- Alika Kee shared the story behind his establishment of Buhay shoes.
- He also told the story about a major challenge for him while growing up.
- After failing to find his mother, he decided to help clean up not just the Philippines, but the world.
Buhay Shoes is a brand of footwear that empowers people to wear sustainable shoes while promoting a cleaner living environment in the Philippines.
While they’re still continuously improving the quality of their shoes before we can all wear them, let’s know a little bit more about the brand and its founder and CEO, Alika Kee.
With his diction and capability to start a business, you may automatically think that he must’ve had a pretty comfortable and easy-going life. Well, that’s not really the case. In fact, Alika never really knew his biological parents.
“I grew up for the first 10 1/2 years in the Philippines and the first places I’ve stayed in are two orphanages and one foster home in Sta. Mesa,” he said.
In the last four of five years, he has been looking for his birth mother. All because he wanted answers.
“I have been coming back and forth looking for my birth mother in Bicol. I have been searching for her I guess coz I was needing that closure. I was angry when I was a kid.
“I had a lot of questions and I wondered, why, who I am today… basically I just wanna know who I am. And I wanna know who my mother was because giving me up, I thought I was so angry that she gave me up for so long.”
But as time passed by, he slowly realized something. His mom, whom he never really found, already gave him the best gift of all and that is by giving him away, otherwise, he wouldn’t be the person that he is right now.

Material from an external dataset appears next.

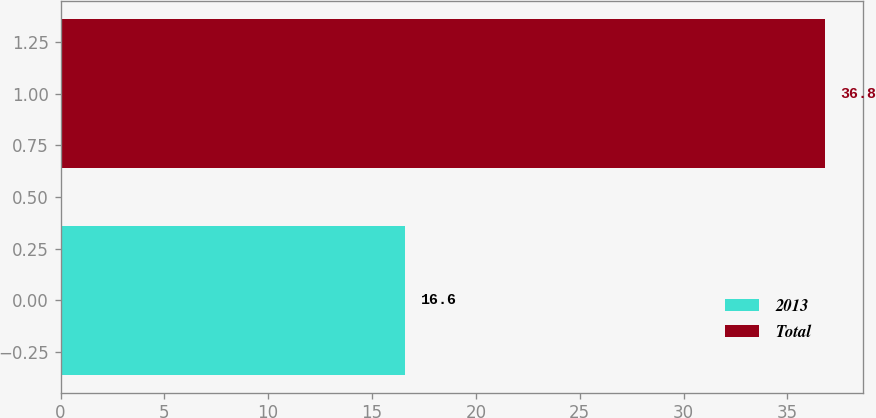<chart> <loc_0><loc_0><loc_500><loc_500><bar_chart><fcel>2013<fcel>Total<nl><fcel>16.6<fcel>36.8<nl></chart>

“And I wanted that answer but as time has gone, I just realized that that was just an unconditional love that she made. Giving me up is probably the best thing she’s given me. The opportunity to be brought up in a better world so that I can grow up the man I am today.

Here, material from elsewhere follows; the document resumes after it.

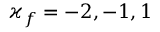Convert formula to latex. <formula><loc_0><loc_0><loc_500><loc_500>\varkappa _ { f } = - 2 , - 1 , 1</formula>

“And I guess on the look for her to thank her in a way and maybe just see how she’s doing. Support her if she needs it. That’s why I keep coming back. But now I don’t feel like since there was no need to search, I don’t feel like I need to look for her because I don’t feel angry anymore. I don’t think she wants to be found. I don’t know the story maybe but I’m happy.”
With this, comes along Buhay shoes.
“So it started with shoes because the first time I’ve ever had my own pair of shoes was [when] I was eleven years old. So ever since, you know, at age eleven, you have a sense of value and sense of appreciation when you receive a gift versus when you’re a lot younger.”
He added that the experience was very humbling for him as he spent almost all of his childhood barefooted. It meant a lot to him as it somewhat symbolized a safe environment, a home, and a future to look forward to.
Alika started creating shoes at the young age of twelve.
“When I was twelve, I created my first pair of shoes and ever since, that was my passion. So I studied industrial design, so from there I did a lot of product designing and made a lot of products before Buhay Shoes. And today I just want to have a shoe company that reduces plastic waste because the waste management here could be improved a lot better.”
When he was a teenager, he worked at a fast-food restaurant and saw that there were so many rice bags thrown away every single day. From there he began thinking about ways to re-use the bags.
“At the end of the shift, we were throwing these rice bags away that were so beautiful, unique, and durable. Every time I would throw them away, I would constantly think about what we could use them for.
“I started collecting them from restaurants. I would take them home and make prototypes. And just kind of fiddle for ways to make shoes out of it.”
Right now, their shoes are made of those rice bags and rubber tires.
“The name Buhay means life in a dialect in the Philippines [which is] Tagalog. We wanted to call it that because we want to create a better life, a better future, more sustainable in the Philippines. So I think that name resonates to what we’re doing to the shoe itself.”